Crispado había cogido a Vida por la nuca y levantaba la otra sobre su cabeza. Una llamarada se
alzó del contenedor más cercano, enroscándose entre sus dedos y su muñeca, como una serpiente. Los
chicos que estaban sobre las vigas gritaban, pero el único sonido que necesitábamos oír nunca llegó.
Knox no iba a detenerlo.
«Nadie iba a detenerlo». Me llevé los dedos a la boca e intenté imitar el sonido que había hecho
Knox, pero no conseguí soplar con suficiente fuerza. El humo me escocía los ojos y me quemaba la
garganta…
«Va a matarla, va a matarla, va a…». Esta vez no había opción.
—¡Rojo! —grité con voz ronca.
El chico levantó la vista y ya era mío.
Fue algo casi inconsciente, como dejarme llevar. Fue algo total e inmediato, como exhalar
profundamente el aire que había estado conteniendo sin darme cuenta de ello. Sentí cómo la maraña
de dedos de mi mente comenzaba a desplegarse: la ira, el terror y la desesperación descascarando cada
hebra de poder hasta que sentí un brote de hormigueante calor en la base del cráneo. El muro de fuego
que había delante de mí pulsó al ritmo de las frenéticas crispaciones del Rojo. Oí que Knox
comenzaba a gritar allá arriba, pero ahora el muchacho estaba en mi poder. Había entrado en su mente
sin siquiera haberlo tocado.
En una mente típica, se tiene la sensación de hundirse en sus pensamientos. Es una sensación lenta
y resbaladiza que de mi lado normalmente va acompañada por una tremenda jaqueca. Unas veces he
caído lentamente, de inmediato otras veces. Por el matiz de la memoria de una persona, el tono de sus
sueños, podía saber mucho sobre ella.
Pero Crispado estaba destrozado. Muy destrozado.

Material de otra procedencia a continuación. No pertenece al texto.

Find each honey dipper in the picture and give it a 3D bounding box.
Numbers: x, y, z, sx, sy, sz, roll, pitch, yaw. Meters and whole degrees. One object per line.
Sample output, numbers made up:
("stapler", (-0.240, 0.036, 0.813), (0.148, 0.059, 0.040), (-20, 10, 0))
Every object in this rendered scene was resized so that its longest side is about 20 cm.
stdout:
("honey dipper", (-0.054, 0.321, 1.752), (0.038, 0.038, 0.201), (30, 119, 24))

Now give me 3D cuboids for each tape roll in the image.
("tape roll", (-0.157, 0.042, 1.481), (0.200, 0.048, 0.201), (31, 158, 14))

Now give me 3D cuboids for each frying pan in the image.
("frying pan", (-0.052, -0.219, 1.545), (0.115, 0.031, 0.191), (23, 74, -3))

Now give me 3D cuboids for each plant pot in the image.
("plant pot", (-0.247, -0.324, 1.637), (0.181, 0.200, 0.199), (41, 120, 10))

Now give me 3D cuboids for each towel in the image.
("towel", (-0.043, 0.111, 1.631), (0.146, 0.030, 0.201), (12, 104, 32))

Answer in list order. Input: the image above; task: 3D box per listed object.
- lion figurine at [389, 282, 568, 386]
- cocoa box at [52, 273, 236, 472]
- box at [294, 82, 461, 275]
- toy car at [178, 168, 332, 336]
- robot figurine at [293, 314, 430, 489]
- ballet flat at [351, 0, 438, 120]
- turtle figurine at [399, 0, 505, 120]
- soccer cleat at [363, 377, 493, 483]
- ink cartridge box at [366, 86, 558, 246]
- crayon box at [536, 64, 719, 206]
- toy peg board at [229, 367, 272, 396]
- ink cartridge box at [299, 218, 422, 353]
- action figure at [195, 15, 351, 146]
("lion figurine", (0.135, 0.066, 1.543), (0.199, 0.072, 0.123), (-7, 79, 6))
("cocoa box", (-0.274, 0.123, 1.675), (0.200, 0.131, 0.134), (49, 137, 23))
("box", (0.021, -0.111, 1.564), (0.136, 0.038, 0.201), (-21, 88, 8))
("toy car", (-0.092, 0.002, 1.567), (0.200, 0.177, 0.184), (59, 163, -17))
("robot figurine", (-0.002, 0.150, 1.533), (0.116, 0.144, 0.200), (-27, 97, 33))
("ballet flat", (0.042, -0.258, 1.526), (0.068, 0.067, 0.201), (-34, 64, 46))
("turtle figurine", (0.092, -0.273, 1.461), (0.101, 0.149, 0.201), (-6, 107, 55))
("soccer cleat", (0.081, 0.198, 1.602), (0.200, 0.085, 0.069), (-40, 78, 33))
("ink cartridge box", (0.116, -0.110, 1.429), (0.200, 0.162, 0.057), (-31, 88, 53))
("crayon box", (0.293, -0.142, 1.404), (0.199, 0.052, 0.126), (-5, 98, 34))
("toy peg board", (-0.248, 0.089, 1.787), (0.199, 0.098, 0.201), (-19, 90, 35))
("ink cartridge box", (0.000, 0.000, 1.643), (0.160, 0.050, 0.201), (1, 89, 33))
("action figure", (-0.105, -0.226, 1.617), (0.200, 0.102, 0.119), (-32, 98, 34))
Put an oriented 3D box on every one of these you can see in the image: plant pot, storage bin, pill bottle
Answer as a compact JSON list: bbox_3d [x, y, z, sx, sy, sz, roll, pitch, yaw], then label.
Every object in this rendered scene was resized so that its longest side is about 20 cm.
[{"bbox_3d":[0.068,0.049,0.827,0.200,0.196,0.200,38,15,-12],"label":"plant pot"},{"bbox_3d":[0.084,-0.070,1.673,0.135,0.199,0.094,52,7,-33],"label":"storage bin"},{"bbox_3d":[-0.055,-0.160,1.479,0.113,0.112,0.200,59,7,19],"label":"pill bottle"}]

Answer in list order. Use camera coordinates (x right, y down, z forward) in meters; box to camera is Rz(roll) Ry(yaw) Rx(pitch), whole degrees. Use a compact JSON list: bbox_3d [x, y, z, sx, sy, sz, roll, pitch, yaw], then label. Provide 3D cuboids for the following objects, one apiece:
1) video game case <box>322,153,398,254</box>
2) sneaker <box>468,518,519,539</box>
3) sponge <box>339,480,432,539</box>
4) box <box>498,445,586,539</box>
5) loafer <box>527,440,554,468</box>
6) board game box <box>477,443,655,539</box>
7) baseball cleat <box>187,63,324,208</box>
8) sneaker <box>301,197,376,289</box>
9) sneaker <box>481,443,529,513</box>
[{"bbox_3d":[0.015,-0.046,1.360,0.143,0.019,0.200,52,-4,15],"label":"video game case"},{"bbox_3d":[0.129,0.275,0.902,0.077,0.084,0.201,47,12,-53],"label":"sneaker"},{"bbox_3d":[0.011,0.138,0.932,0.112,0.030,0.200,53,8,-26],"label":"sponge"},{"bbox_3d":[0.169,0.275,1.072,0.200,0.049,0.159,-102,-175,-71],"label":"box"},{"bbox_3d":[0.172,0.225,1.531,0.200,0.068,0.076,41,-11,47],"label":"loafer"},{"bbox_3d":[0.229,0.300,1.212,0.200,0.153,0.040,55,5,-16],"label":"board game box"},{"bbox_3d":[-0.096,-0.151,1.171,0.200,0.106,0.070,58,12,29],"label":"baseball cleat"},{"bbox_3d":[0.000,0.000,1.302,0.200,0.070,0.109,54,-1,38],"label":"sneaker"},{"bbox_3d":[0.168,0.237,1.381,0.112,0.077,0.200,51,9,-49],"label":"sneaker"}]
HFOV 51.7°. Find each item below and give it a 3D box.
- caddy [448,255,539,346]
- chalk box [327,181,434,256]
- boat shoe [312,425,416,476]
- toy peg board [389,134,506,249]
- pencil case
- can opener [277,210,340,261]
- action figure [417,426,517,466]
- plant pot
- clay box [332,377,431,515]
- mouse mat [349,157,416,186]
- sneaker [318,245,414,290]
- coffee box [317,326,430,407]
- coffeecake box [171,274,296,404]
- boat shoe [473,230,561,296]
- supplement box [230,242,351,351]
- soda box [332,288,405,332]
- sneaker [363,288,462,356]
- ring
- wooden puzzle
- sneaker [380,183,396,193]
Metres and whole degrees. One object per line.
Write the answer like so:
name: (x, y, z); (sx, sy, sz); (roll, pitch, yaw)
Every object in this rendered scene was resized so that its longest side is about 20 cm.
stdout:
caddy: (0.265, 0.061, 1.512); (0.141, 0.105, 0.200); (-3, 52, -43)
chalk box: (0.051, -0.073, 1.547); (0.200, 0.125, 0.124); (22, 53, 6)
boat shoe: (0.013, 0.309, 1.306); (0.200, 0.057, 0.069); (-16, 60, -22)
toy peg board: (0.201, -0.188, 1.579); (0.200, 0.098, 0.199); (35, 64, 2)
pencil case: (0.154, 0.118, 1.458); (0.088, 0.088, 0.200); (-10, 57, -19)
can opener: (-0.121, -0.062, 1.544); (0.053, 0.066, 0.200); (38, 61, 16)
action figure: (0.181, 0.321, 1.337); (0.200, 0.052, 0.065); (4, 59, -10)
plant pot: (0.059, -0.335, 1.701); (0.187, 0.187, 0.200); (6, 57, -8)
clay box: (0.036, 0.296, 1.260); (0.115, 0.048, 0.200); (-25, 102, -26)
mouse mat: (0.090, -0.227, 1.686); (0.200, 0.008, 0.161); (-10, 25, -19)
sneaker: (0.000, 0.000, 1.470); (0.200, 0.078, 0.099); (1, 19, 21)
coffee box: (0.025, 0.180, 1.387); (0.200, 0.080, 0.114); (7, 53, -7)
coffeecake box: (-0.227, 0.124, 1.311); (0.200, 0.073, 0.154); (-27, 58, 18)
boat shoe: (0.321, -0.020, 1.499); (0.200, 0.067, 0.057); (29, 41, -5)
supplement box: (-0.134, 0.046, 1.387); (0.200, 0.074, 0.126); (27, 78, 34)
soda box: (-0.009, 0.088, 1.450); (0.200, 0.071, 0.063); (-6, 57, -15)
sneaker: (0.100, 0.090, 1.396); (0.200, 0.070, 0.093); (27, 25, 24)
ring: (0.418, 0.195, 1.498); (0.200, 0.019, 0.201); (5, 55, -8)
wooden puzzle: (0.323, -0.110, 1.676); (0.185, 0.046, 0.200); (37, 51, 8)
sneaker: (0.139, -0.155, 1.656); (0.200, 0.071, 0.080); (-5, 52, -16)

En lugar de avanzar deslizándome, fue como una puñalada, como un cuchillo abriéndose paso en
un montón de vidrios rotos. Sus recuerdos eran precisos, pequeños, aquí, y desaparecían en un
instante. Vi a una muchacha morena en un columpio, una mujer inclinada sobre un horno, una hilera
de lagartijas embalsamadas, un nombre compuesto con letras de imprenta sobre una repisa. Entonces
todo se aceleró: botas negras, vallas de alambre, el escay verde del asiento de un autobús escolar.
Barro, barro, barro, excavar, el tintineo de cadenas, la presión de un bozal, una hoguera en la
oscuridad, cada vez más caliente. Tuve que recordarme que debía respirar. El aire ardiente incendió
mis pulmones.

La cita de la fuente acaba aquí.